Machine learning in 10 pictures
Dataz is Unit of Geoinsyssoft. We Provide Big data Training institute in chennai. Best Machine Learning Courses in chennai.
1. Test and training error:
Why lower training error is not always a good thing: ESL Figure 2.11. Test and training error as a function of model complexity.
2. Under and overfitting:
PRML Figure 1.4. Plots of polynomials having various orders M, shown as red curves, fitted to the data set generated by the green curve.
3. Occam’s razor:
ITILA Figure 28.3. Why Bayesian inference embodies Occam’s razor. This figure gives the basic intuition for why complex models can turn out to be less probable. The horizontal axis represents the space of possible data sets D. Bayes’ theorem rewards models in proportion to how much they predicted the data that occurred. These predictions are quantified by a normalized probability distribution on D.
[ Best Machine Learning Courses in Chennai @Dataz ]
Data Sets
This probability of the data given model Hi, P (D | Hi), is called the evidence for Hi. A simple model H1 makes only a limited range of predictions and shown by P(D|H1). At that point, if the informational collection falls in district C1, the less ground-breaking model H1 will be the more plausible model.
4. Feature combinations:
5. Irrelevant features:
Why irrelevant features hurt kNN, clustering, and other similarity based methods. The figure on the left shows two classes well separated on the vertical axis. The figure on the right adds an irrelevant horizontal axis which destroys the grouping and makes many points nearest neighbors of the opposite class.
6. Basis functions:
How non-linear basis functions turn a low dimensional classification problem without a linear boundary into a high dimensional problem with a linear boundary. From SVM tutorial slides by Andrew Moore: a one dimensional non-linear classification problem with input x is turned into a 2-D problem z=(x, x^2) that is linearly separable.

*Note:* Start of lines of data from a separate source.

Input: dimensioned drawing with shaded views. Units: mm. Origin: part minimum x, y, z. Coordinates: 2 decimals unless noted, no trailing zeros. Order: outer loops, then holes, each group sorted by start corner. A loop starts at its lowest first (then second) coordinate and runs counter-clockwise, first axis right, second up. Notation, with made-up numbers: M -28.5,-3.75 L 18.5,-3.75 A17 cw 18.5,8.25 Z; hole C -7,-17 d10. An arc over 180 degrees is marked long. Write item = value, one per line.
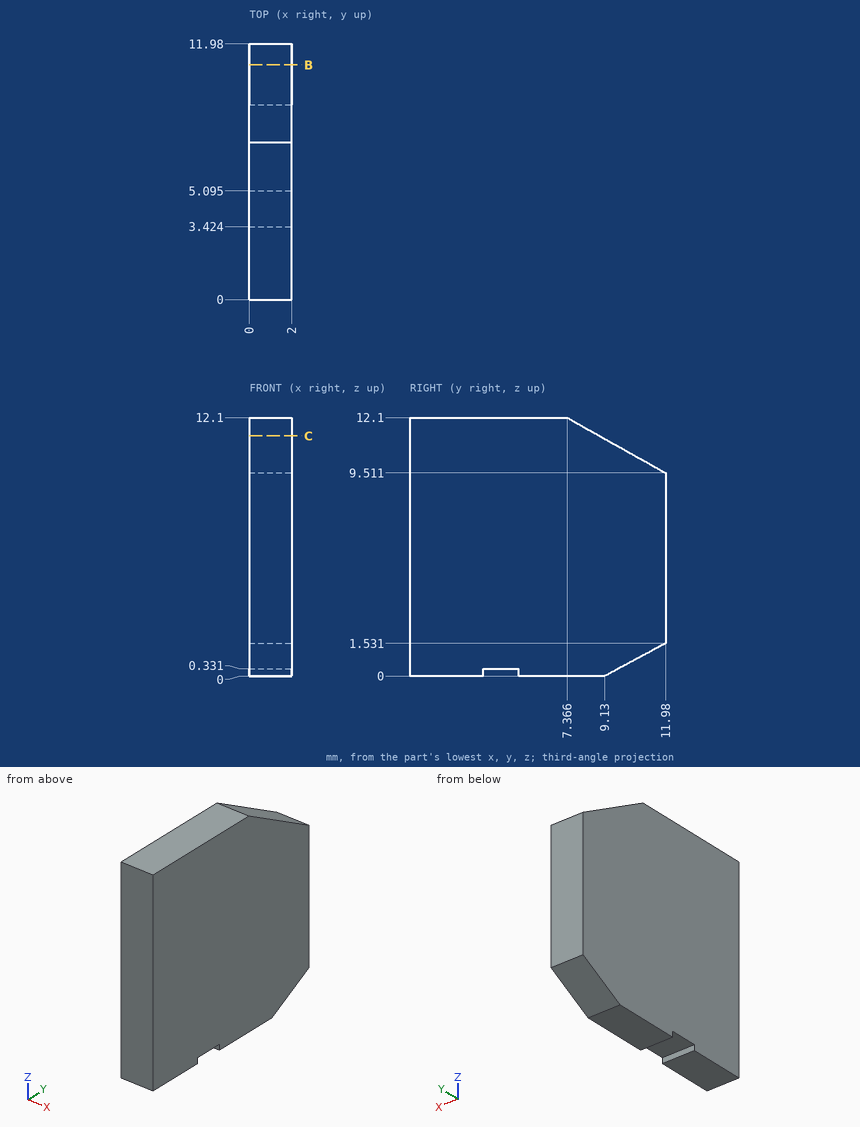
1) Section C-C, the plane z = 11.25. Return loops of the section in (x, y).
Numbers:
outline = M 0,0 L 2,0 L 2,8.88 L 0,8.88 Z
2) Line query: L1, parallel to Z at x = 0.6, y = 3.75; L2, parallel to Z at x = 0.85, y = 9.75 (1 decimal); L3, parallel to Y at x = 1.6, z = 11.5 (1 decimal). Output: solid intervals per line, ascending.
Numbers:
L1 = 0.33 to 12.1
L2 = 0.3 to 10.8
L3 = 0 to 8.4
3) Section B-B, the plane y = 11. Return loops of the section in (x, z) (1 decimal).
Numbers:
outline = M 0,1 L 2,1 L 2,10.1 L 0,10.1 Z

[ Best Machine Learning Courses in Chennai @Dataz ]
7. Discriminative vs. Generative:
Why discriminative learning may be easier than generative: PRML Figure 1.27. Note that the left-hand mode of the class-conditional density p(x|C1), shown in blue on the left plot, has no effect on the posterior probabilities. The vertical green line in the right plot shows the decision boundary in x that gives the minimum misclassification rate.
8. Loss functions:
Learning algorithms can be viewed as optimizing different loss functions: PRML Figure 7.5. Plot of the ‘pivot’ mistake work utilized in help vector machines, appeared blue, alongside the blunder work for strategic relapse, rescaled by a factor of 1/ln(2) with the goal that it goes through the point (0, 1), appeared red.
Best Machine Learning Courses in Chennai
9. Geometry of least squares:
ESL Figure 3.2. The N-dimensional geometry of least squares regression with two predictors. The outcome vector y is orthogonally projected onto the hyperplane spanned by the input vectors x1 and x2. The projection yˆ represents the vector of the least squares predictions.